Home Hybrid Learning Australia’s teachers resilient and adaptive in the face of adversity

Australia’s teachers resilient and adaptive in the face of adversity


Australia’s teachers resilient and adaptive in the face of adversity

In the four years following the Covid lockdowns that massively disrupted life and learning across Australia, teachers have proven their resilience and adaptability despite the many complex pressures that continue to weigh on the profession.

Marking World Teachers’ Day in October 2023, Australian Secondary Principals’ Association (ASPA) president Andy Mison said while teachers face a multitude of complex challenges, the bigger story is that they’re persevering through those challenges to help young people achieve their best throughout their learning journey.

“Teachers across Australia have endured much in recent years. They kept our schools running through the pandemic and have not stopped since,” Mison told The Educator.

“The pressures have intensified due to consequential impacts in our society, along with increased stress, disruption, and workload due to teacher shortages. If you want something done though, ask a teacher. They are the backbone of our education system and the heart of our communities.”

Resilient and adaptive: Two words that sum up our teachers

Kelly Hollis is the Australian Curriculum Specialist at Education Perfect, a leading learning, assessment and analytics platform for years K-12.

Acknowledged globally, Hollis is recognised as one of the top educators leading flipped learning worldwide by the Flipped Learning Global Initiative – a distinction that speaks to her dedication to innovative teaching methods and commitment to shaping the future of education.

When asked about the most positive trends she’s seeing in Australian education today, Hollis said teachers are showcasing remarkable resilience and adaptability going into 2024.

“One of the most positive trends is the growing emphasis on integrating technology into education,” Hollis told The Educator.

“The pandemic years saw a shift towards digital resources and interactive tools, enhancing the learning experience. As teachers return to traditional classrooms, many continue to provide a blended learning experience using these technologies.”

Another positive trend, said Hollis, is the increased focus on teacher wellbeing.

“Schools are adopting measures to support the mental and emotional health of teachers, recognising their importance in achieving better student outcomes. Despite challenges and perhaps bad press, individual schools are doing a lot to support their teachers,” she said.

“Additionally, schools are more prepared to pivot than ever before. This flexibility has been crucial in situations like floods and other emergencies, ensuring the continuation of education with minimal disruption.”

Teacher efficacy survey yields promising results

EP recently released the results of its 2023 Teacher Efficacy Survey, revealing a continuing positive trend in educators’ perception of the service provider’s impact on teaching practices and student learning.

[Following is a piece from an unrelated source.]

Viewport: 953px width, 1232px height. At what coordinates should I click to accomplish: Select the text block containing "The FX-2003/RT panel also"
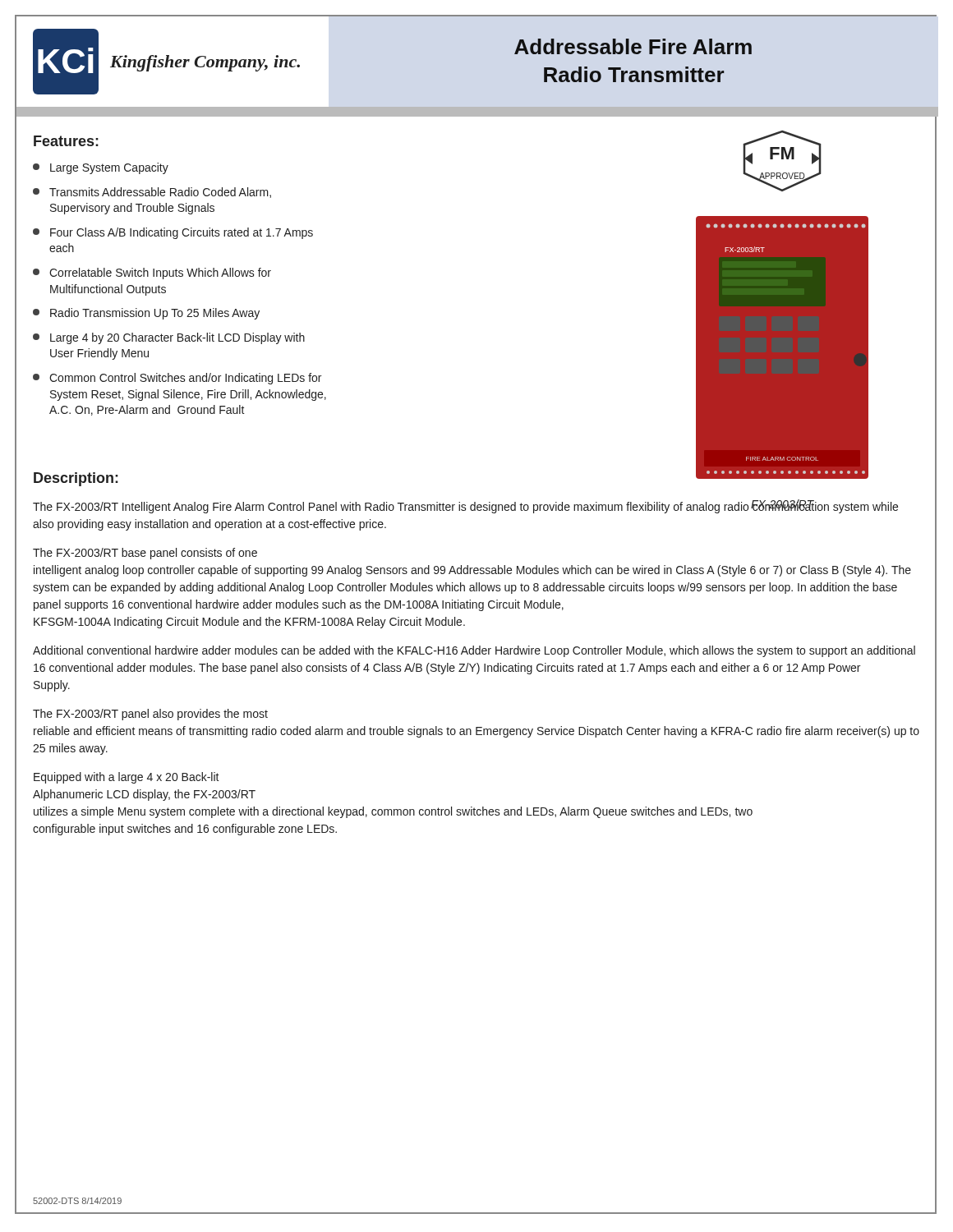click(476, 731)
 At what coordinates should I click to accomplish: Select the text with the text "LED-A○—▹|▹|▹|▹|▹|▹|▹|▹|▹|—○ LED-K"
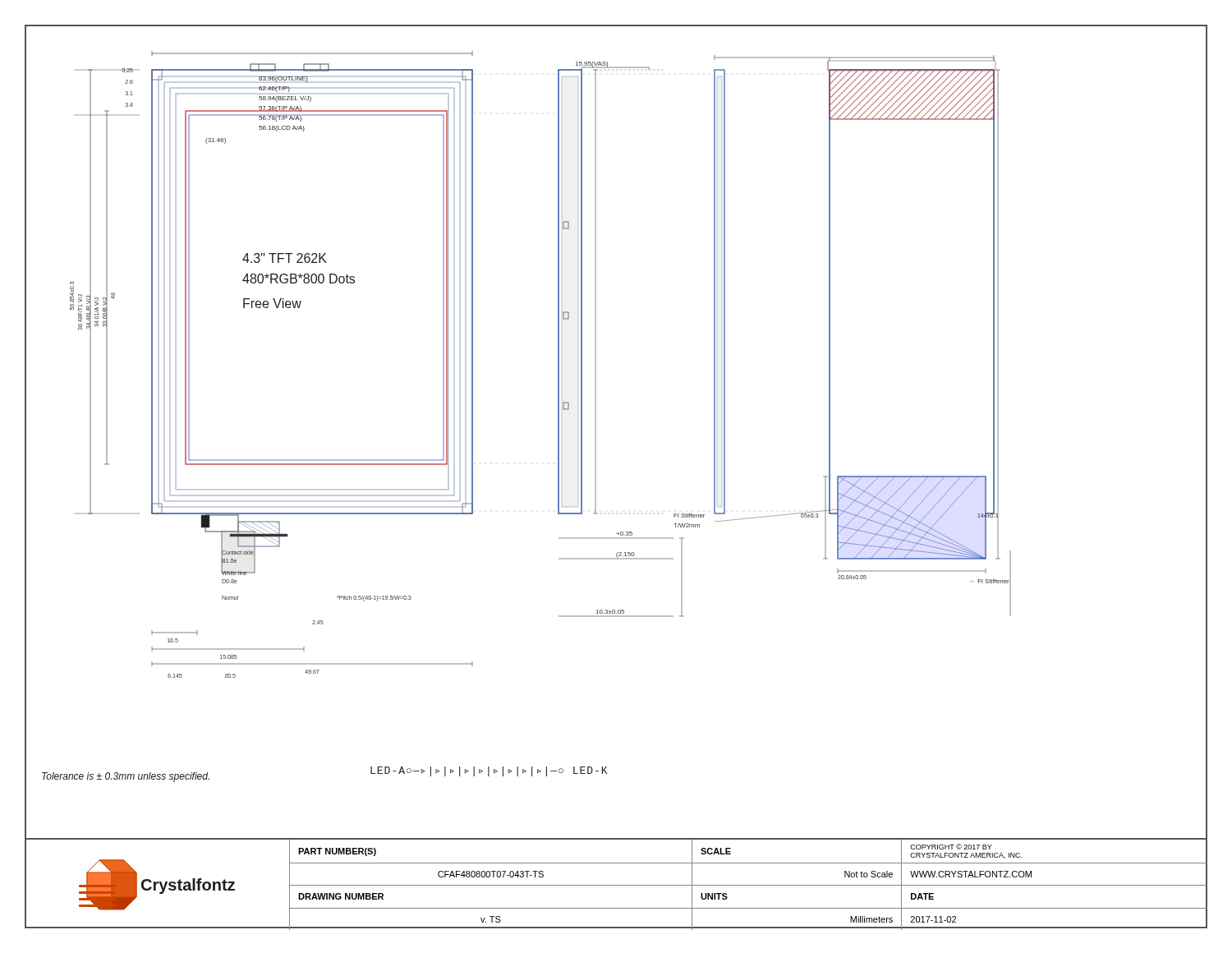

Highlighting significant growth in areas such as personalised learning opportunities, literacy and numeracy skill development, and reduced teaching load, Hollis said the survey underscores EP’s role in enhancing educator effectiveness and student engagement across Australia.

“EP is addressing the challenges faced by the Australian teaching workforce by offering comprehensive assessment tools for formative and summative assessments,” she said.

“These tools feature automatically marked questions, reducing the time teachers spend on marking, while EP’s content creation tools enable teachers to use or create assessments quickly and easily.”

Hollis said the platform’s automatic analysis of assessment results helps teachers identify student strengths and weaknesses easily.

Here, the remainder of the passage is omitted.